Youth are given points for the good things they do—such as getting up on time, being ready on time and cleaning up after themselves in the morning—and for their attitudes and maturity at home in the morning and evening—such as telling their parents or foster parents they love them.

They lose points for things they need to work on, such as rolling their eyes or making “snarky” comments in response to correction, lying or back talking.

“It’s like a game.  They have to know the rules,” Coy said.  “The rules help the parents or foster parents learn to see their goodness.  Being in the program evokes goodness.”

He told of one boy asking, “Why are you guys so nice.”

“That’s who we are,” said Coy.

“Rather than talking about God, we try to put God forth in our lives,” he commented about how he sees the role of staff in reaching the youth.  “We’re God dressed in jeans.”

“My faith drives me to help.  How could I be in ministry and not help,” said Coy, who attends Mass at different parishes and is engaged in spiritual direction at St. Joseph Family Center.

For him, faith is about living in ways that lead people to say, “See how they love one another,” rather than being caught up in talking about God and religious things.  He is sad that “Christian” has become a “dirty name” for some.

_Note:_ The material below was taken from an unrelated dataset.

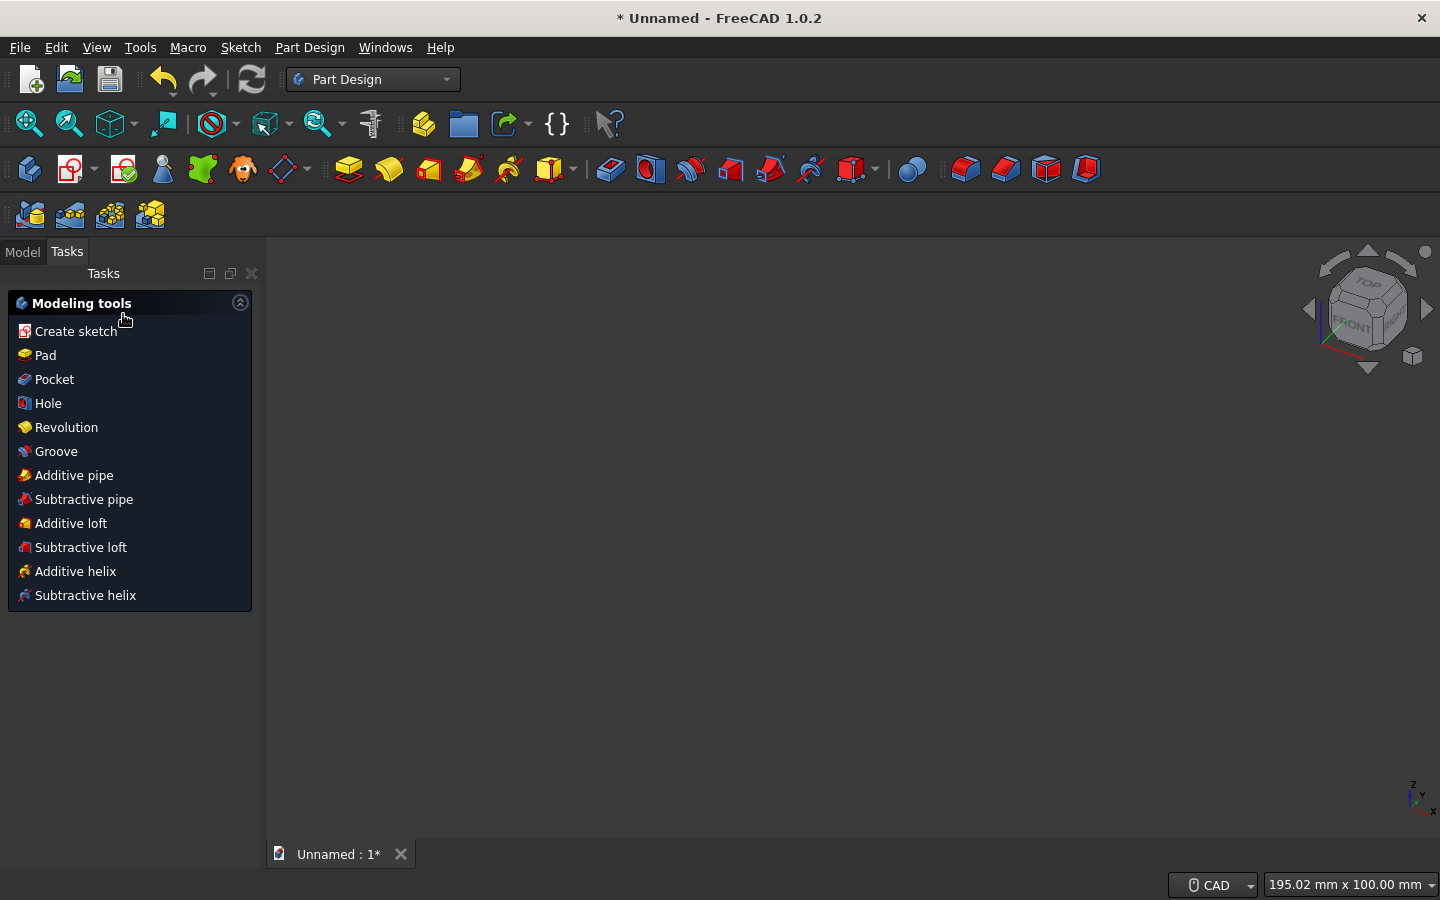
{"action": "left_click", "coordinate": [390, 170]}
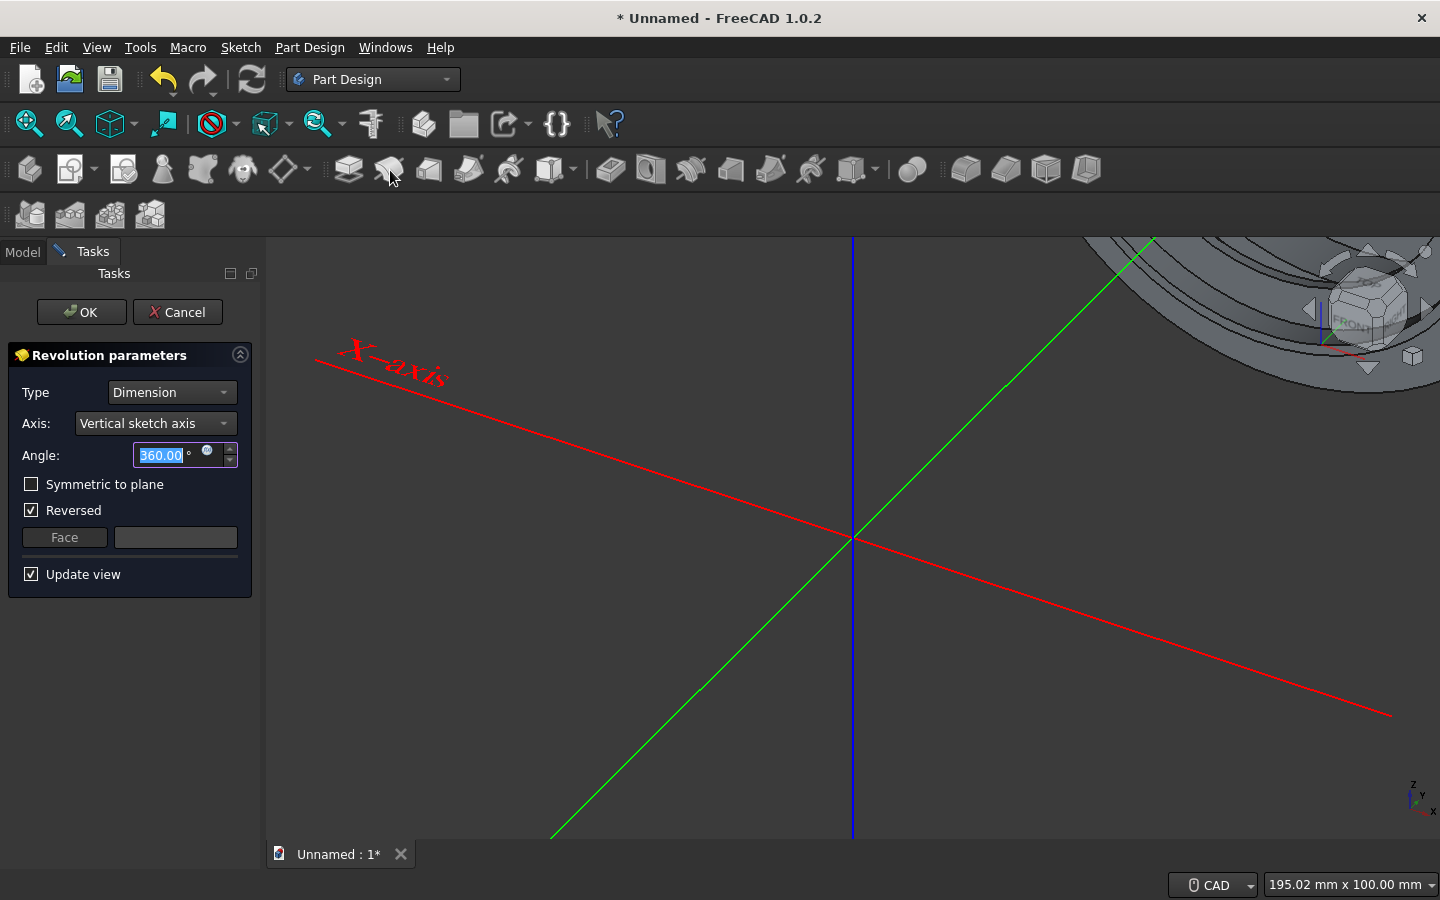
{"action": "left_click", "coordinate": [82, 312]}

There is no effort to instill religion. Although the program is sponsored through Lutheran Community Services, it’s up to the youth to decide if they will go to church with their foster parents, on their own or not go.

Coy pulled a ceramic statue from his bookshelf depicting Jesus washing the disciples’ feet.

“This is my idea of being a supervisor or priest.  It’s being a servant,” he said.  “I also recognize that I’m a sinner working out my life but at the same time compelled to do good and to let my light shine.

“It’s crazy to the youth that even if they are in trouble, we are still compassionate,” he said.

“Yes, everyone makes mistakes and may not live up to commitments, but we try to live authentically.  My understanding of conversion recognizes that we all fall down and get up, then fall down and get up.  Even saints like Mother Theresa struggled, praying but needing prayers.”